Action item — Count, in the data that follows, every line with the string "Units", and give that count as the whole reply.
===
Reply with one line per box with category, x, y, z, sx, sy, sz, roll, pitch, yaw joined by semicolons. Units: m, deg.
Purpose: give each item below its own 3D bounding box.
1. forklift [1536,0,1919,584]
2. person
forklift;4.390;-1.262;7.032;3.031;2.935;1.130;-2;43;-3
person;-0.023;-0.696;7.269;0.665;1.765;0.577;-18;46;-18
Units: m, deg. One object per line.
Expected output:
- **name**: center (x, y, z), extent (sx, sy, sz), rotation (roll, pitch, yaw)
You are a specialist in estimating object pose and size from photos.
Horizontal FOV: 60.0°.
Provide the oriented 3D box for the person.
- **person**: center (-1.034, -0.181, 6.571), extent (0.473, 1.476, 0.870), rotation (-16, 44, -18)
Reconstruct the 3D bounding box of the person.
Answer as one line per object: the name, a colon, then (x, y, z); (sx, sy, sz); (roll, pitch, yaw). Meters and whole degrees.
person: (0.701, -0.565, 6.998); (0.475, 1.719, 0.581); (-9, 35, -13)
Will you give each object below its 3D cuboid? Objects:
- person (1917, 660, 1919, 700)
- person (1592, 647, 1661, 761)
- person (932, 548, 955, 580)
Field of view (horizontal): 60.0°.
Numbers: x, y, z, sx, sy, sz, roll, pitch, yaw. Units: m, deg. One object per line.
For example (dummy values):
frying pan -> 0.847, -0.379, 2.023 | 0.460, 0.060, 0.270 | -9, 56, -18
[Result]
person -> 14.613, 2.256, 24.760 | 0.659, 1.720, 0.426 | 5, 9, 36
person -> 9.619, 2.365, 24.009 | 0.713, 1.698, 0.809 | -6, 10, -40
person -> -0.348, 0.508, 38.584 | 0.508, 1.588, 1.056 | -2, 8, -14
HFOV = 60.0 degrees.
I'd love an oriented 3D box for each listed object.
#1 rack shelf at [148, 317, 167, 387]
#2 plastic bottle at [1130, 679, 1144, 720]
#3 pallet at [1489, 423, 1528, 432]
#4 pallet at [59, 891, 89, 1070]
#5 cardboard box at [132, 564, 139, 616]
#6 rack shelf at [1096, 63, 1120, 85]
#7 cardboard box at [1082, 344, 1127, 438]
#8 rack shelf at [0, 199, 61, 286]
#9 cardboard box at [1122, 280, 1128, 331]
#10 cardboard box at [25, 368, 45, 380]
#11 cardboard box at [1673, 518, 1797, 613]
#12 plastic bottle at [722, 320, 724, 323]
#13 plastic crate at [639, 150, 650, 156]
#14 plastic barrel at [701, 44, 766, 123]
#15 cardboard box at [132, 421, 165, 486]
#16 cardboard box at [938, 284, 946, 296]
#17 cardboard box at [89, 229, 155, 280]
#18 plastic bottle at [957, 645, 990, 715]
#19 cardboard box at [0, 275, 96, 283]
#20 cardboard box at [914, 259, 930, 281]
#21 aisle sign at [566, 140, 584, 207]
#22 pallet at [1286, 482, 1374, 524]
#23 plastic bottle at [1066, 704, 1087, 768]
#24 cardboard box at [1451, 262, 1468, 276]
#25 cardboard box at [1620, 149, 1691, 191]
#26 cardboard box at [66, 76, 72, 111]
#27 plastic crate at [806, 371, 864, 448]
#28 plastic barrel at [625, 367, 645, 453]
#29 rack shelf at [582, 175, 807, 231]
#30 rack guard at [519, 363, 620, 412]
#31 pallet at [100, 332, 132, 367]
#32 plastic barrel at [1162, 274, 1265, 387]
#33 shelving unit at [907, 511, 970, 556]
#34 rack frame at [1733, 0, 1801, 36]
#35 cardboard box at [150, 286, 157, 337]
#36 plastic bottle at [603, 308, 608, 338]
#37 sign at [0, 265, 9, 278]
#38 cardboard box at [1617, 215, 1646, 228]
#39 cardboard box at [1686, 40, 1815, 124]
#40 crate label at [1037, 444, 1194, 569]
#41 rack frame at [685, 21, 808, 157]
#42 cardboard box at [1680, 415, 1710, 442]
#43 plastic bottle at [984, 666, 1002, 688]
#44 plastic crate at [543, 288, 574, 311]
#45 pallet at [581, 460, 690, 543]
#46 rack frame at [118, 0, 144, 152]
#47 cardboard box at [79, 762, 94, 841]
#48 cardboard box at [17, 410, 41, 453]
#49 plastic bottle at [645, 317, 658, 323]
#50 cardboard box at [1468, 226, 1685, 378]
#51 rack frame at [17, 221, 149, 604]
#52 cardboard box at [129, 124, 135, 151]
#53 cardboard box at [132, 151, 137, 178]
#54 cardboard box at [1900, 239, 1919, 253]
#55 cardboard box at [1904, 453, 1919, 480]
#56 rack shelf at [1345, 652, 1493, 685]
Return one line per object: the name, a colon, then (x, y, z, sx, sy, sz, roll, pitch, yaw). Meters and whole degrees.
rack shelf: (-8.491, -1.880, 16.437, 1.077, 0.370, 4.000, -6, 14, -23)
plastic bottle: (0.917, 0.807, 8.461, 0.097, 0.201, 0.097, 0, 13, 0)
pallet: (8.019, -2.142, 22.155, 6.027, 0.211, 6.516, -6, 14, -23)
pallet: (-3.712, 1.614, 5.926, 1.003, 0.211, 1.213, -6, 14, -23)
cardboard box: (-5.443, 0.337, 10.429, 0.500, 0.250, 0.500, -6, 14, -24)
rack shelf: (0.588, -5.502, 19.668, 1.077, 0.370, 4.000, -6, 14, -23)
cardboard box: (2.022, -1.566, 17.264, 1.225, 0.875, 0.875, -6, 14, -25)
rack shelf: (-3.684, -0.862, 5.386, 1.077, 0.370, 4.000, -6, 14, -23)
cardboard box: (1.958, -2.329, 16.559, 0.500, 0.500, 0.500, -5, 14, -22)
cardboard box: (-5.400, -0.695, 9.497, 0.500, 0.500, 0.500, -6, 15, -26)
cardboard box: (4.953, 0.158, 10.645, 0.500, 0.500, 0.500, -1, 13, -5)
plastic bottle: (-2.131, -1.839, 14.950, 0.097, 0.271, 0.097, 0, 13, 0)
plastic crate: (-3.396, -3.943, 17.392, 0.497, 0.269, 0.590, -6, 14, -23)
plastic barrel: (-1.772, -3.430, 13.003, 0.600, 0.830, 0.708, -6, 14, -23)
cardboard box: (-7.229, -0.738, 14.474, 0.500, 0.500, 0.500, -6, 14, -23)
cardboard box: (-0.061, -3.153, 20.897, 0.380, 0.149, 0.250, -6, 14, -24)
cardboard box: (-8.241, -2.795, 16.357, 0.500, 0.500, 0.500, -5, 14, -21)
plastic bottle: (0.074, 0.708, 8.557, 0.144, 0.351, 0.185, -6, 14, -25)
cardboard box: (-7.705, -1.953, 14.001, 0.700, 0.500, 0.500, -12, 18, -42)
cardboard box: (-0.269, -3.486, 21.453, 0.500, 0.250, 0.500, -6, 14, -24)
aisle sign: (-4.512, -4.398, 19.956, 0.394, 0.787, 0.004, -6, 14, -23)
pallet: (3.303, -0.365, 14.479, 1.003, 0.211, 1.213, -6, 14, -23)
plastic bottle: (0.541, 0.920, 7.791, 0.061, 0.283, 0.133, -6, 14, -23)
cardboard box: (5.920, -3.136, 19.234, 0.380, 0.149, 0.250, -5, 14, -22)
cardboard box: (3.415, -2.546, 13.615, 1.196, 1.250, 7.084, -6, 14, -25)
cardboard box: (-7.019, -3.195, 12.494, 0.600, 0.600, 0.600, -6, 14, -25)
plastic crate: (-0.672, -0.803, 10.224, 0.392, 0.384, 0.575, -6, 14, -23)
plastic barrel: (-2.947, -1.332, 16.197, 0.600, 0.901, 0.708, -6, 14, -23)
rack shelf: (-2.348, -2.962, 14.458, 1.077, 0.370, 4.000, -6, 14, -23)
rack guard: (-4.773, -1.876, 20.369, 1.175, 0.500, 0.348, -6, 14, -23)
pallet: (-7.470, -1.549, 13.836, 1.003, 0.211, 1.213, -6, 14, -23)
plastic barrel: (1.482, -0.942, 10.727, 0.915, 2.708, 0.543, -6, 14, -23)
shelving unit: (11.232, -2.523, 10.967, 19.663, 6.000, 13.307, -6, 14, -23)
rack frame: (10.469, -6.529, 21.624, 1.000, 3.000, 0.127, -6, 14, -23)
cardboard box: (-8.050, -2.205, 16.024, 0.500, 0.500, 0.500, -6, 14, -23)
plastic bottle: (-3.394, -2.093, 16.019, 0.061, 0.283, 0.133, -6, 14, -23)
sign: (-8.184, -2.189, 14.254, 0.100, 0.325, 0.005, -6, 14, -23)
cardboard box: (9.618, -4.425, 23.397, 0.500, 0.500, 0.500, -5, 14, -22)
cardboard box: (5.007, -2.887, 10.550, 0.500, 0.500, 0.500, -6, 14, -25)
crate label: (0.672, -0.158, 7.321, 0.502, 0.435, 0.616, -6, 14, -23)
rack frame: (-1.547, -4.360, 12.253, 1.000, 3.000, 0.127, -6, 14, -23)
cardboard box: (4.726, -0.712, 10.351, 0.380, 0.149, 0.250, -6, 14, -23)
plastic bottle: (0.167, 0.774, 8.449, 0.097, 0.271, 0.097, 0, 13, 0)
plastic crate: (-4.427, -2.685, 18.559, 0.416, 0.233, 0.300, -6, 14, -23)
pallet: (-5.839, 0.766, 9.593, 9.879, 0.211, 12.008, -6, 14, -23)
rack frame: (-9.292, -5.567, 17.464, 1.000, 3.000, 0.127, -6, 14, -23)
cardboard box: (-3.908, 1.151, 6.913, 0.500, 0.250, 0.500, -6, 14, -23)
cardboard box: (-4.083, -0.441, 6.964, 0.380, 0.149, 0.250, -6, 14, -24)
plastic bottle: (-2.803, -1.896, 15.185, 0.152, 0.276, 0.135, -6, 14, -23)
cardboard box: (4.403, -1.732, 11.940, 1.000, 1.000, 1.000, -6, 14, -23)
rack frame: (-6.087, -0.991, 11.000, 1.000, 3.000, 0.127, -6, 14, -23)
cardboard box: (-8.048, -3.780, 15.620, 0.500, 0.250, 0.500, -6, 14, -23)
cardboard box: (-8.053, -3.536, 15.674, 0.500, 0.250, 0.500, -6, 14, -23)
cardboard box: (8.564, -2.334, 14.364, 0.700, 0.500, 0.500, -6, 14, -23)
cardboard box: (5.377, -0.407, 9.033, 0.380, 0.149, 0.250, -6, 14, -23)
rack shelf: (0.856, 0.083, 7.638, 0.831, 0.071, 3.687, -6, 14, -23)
===
Output of the task — 3